─── DATA ───
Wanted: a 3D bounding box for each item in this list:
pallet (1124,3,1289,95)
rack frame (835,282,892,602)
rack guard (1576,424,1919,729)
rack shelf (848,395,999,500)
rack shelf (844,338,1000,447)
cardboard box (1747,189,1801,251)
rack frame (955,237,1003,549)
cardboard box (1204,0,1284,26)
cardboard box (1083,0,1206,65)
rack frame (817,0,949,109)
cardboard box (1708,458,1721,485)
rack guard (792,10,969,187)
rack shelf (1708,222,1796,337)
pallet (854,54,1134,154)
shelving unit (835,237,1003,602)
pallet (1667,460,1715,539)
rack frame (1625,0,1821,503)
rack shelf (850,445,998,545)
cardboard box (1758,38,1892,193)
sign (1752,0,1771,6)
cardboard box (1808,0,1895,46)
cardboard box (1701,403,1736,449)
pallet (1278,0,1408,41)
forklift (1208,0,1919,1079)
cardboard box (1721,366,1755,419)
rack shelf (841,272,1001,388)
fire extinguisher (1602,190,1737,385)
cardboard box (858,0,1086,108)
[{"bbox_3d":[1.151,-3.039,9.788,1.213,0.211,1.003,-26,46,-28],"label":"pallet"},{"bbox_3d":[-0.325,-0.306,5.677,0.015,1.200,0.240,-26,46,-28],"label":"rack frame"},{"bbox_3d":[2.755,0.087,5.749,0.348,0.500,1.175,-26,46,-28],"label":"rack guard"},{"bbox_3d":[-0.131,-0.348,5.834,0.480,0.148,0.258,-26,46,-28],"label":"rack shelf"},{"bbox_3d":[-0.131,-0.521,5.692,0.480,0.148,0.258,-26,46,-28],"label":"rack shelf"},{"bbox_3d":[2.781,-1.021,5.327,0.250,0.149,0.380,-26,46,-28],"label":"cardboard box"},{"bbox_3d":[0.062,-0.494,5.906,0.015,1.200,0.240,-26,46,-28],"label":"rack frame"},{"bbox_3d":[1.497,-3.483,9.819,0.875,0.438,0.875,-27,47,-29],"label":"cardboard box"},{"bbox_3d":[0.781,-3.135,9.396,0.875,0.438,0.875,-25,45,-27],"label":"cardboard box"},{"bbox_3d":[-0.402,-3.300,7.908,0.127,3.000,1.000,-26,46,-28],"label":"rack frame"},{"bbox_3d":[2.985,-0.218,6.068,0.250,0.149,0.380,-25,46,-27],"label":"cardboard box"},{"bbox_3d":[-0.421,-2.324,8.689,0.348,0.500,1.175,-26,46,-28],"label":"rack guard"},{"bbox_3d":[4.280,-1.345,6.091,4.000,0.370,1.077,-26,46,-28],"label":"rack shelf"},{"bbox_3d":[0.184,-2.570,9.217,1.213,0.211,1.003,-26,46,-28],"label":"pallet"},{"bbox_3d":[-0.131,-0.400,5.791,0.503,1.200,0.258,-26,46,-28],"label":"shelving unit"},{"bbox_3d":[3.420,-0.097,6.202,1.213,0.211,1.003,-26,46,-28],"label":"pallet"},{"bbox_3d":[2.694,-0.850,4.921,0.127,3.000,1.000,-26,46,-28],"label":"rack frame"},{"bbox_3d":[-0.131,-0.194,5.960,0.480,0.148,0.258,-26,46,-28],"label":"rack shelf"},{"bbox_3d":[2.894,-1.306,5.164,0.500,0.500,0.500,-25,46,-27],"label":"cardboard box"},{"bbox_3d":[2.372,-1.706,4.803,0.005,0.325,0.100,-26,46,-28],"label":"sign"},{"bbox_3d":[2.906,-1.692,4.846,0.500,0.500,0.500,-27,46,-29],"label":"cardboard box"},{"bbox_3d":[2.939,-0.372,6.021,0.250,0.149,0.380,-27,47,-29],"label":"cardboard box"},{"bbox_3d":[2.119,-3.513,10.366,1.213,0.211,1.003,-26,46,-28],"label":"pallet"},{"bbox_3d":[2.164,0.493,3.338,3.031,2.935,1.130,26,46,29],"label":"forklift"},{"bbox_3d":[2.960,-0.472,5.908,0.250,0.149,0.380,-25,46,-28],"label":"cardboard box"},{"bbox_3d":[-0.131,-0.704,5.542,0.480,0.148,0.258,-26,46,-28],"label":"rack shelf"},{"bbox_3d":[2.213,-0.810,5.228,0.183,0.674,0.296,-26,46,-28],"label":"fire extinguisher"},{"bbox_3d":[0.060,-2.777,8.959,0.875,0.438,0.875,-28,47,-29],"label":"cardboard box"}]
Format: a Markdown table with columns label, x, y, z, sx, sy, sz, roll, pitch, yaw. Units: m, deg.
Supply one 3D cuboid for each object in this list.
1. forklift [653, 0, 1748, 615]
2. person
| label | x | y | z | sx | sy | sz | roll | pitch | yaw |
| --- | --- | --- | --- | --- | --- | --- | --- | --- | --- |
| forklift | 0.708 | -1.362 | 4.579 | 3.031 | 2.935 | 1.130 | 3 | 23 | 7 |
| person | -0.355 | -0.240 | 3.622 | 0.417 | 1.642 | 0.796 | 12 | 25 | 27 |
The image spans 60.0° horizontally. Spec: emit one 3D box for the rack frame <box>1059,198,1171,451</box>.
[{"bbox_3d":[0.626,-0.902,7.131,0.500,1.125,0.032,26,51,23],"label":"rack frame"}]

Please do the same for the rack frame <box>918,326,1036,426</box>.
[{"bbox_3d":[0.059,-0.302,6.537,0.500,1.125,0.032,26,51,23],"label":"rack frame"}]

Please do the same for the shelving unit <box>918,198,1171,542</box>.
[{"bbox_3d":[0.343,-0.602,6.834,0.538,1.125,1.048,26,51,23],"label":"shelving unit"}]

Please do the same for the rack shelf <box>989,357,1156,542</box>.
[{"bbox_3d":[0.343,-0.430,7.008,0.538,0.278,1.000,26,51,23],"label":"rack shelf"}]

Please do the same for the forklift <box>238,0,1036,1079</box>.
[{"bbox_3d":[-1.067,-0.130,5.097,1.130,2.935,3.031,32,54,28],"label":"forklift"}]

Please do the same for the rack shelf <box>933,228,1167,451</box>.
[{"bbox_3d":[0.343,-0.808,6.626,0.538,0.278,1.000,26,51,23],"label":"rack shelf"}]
───
▸ INSTRUCTIONS TO FOLLOW:
Please copy only the lines between the first line of the entries and the line with "rack guard (792,10,969,187)", keeping those two end lines as well, exactly as written.

▸ EXERCISE ANSWER:
Wanted: a 3D bounding box for each item in this list:
pallet (1124,3,1289,95)
rack frame (835,282,892,602)
rack guard (1576,424,1919,729)
rack shelf (848,395,999,500)
rack shelf (844,338,1000,447)
cardboard box (1747,189,1801,251)
rack frame (955,237,1003,549)
cardboard box (1204,0,1284,26)
cardboard box (1083,0,1206,65)
rack frame (817,0,949,109)
cardboard box (1708,458,1721,485)
rack guard (792,10,969,187)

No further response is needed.